◆ Extracted information
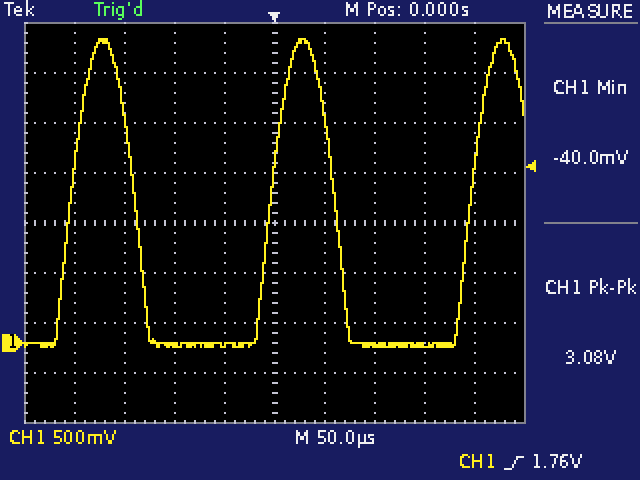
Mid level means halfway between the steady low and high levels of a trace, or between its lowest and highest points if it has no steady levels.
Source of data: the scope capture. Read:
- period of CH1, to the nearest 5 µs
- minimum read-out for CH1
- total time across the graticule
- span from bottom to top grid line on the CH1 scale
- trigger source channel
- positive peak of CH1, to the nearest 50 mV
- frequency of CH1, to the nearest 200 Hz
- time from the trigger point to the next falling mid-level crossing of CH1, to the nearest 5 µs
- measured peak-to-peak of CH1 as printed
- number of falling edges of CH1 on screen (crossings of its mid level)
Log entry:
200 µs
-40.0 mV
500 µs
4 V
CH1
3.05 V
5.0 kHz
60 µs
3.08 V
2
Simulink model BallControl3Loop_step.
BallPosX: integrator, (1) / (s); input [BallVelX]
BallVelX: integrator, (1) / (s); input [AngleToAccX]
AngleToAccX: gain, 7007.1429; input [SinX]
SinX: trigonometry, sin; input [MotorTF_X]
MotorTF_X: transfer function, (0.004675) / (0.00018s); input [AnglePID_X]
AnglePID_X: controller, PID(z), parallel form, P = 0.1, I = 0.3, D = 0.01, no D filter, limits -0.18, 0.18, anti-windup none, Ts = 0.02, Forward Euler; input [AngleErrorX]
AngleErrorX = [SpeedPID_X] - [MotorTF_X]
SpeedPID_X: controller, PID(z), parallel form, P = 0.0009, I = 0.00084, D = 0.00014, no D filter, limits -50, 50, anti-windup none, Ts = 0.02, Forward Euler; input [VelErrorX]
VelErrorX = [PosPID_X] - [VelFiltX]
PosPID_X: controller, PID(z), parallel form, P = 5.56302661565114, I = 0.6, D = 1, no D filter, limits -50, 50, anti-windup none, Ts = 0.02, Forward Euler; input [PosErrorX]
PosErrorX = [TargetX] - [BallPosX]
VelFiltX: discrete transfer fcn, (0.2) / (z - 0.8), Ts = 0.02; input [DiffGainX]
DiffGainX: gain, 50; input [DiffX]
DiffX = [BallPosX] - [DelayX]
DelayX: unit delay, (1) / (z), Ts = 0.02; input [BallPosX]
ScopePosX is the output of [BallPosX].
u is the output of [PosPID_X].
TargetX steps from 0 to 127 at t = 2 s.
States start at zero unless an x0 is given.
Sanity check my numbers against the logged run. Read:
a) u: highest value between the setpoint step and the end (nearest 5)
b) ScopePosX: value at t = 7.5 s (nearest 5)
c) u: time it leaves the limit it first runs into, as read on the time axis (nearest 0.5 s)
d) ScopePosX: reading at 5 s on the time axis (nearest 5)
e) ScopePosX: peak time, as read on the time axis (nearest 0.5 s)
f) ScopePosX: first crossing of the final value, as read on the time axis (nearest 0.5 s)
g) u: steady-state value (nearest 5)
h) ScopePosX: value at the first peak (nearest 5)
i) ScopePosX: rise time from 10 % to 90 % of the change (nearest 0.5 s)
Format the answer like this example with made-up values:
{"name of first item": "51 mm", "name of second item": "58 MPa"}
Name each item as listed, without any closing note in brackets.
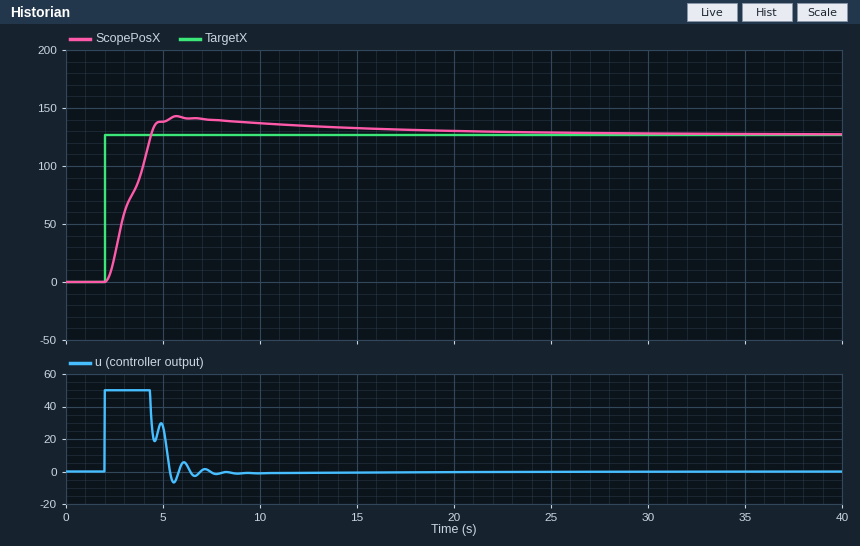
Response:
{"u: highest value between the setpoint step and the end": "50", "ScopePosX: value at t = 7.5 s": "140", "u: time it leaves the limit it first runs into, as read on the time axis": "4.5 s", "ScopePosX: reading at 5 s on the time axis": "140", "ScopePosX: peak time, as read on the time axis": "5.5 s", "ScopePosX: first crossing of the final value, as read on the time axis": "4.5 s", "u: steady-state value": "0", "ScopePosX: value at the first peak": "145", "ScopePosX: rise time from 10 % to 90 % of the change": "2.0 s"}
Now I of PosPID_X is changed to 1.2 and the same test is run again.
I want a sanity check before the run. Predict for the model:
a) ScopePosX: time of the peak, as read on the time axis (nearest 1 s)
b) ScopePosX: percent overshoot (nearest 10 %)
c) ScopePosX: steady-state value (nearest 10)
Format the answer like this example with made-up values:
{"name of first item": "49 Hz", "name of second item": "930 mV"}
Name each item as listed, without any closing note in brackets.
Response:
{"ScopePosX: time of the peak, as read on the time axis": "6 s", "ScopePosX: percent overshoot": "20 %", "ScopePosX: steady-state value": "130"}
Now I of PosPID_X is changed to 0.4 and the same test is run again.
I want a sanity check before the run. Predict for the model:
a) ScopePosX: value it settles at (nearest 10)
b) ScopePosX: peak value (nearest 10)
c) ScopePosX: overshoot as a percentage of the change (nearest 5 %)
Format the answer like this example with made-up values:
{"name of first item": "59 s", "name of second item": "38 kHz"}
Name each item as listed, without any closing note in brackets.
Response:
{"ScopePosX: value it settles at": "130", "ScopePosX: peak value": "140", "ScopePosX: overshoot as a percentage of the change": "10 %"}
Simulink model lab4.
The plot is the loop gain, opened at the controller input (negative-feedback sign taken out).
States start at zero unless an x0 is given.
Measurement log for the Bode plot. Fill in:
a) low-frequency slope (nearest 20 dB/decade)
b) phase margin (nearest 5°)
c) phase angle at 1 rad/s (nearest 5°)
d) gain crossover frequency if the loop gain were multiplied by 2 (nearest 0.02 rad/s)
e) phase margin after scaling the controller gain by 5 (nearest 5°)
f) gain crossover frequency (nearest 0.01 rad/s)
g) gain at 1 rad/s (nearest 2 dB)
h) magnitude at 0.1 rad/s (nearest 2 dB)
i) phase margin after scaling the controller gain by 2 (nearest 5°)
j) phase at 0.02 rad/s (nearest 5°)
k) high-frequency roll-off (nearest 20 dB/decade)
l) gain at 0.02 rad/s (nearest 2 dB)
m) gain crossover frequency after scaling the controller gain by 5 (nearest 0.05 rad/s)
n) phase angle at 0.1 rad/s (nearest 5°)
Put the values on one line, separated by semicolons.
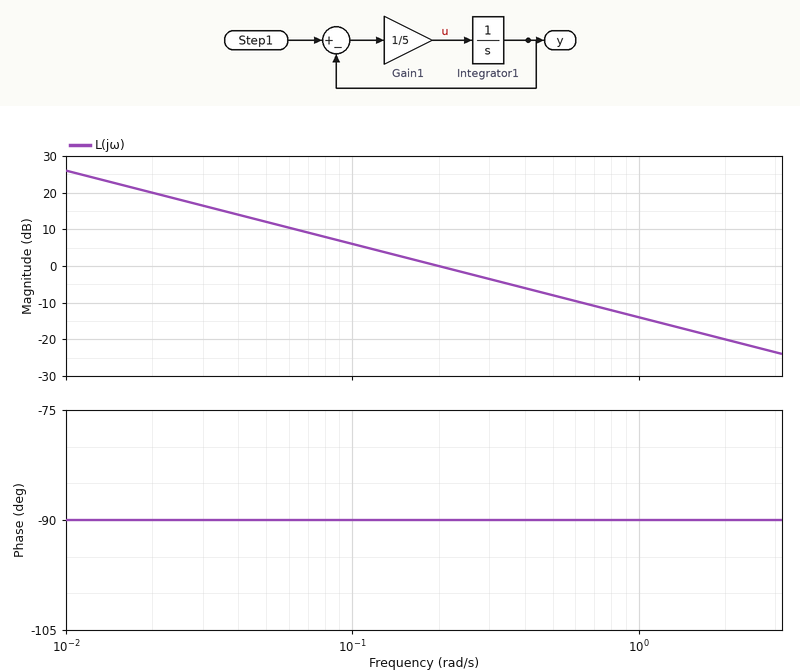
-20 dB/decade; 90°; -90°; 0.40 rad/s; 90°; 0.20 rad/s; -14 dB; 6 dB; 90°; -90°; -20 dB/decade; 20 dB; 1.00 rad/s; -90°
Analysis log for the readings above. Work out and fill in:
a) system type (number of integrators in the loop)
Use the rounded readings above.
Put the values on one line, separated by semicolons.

◆ Problem description
From the line with "h) magnitude at 0.1 rad/s (nearest 2 dB)" down to the end of the entries, retype each line exactly as written, but drop the pictures.

◆ Written answer
h) magnitude at 0.1 rad/s (nearest 2 dB)
i) phase margin after scaling the controller gain by 2 (nearest 5°)
j) phase at 0.02 rad/s (nearest 5°)
k) high-frequency roll-off (nearest 20 dB/decade)
l) gain at 0.02 rad/s (nearest 2 dB)
m) gain crossover frequency after scaling the controller gain by 5 (nearest 0.05 rad/s)
n) phase angle at 0.1 rad/s (nearest 5°)
Put the values on one line, separated by semicolons.
-20 dB/decade; 90°; -90°; 0.40 rad/s; 90°; 0.20 rad/s; -14 dB; 6 dB; 90°; -90°; -20 dB/decade; 20 dB; 1.00 rad/s; -90°
Analysis log for the readings above. Work out and fill in:
a) system type (number of integrators in the loop)
Use the rounded readings above.
Put the values on one line, separated by semicolons.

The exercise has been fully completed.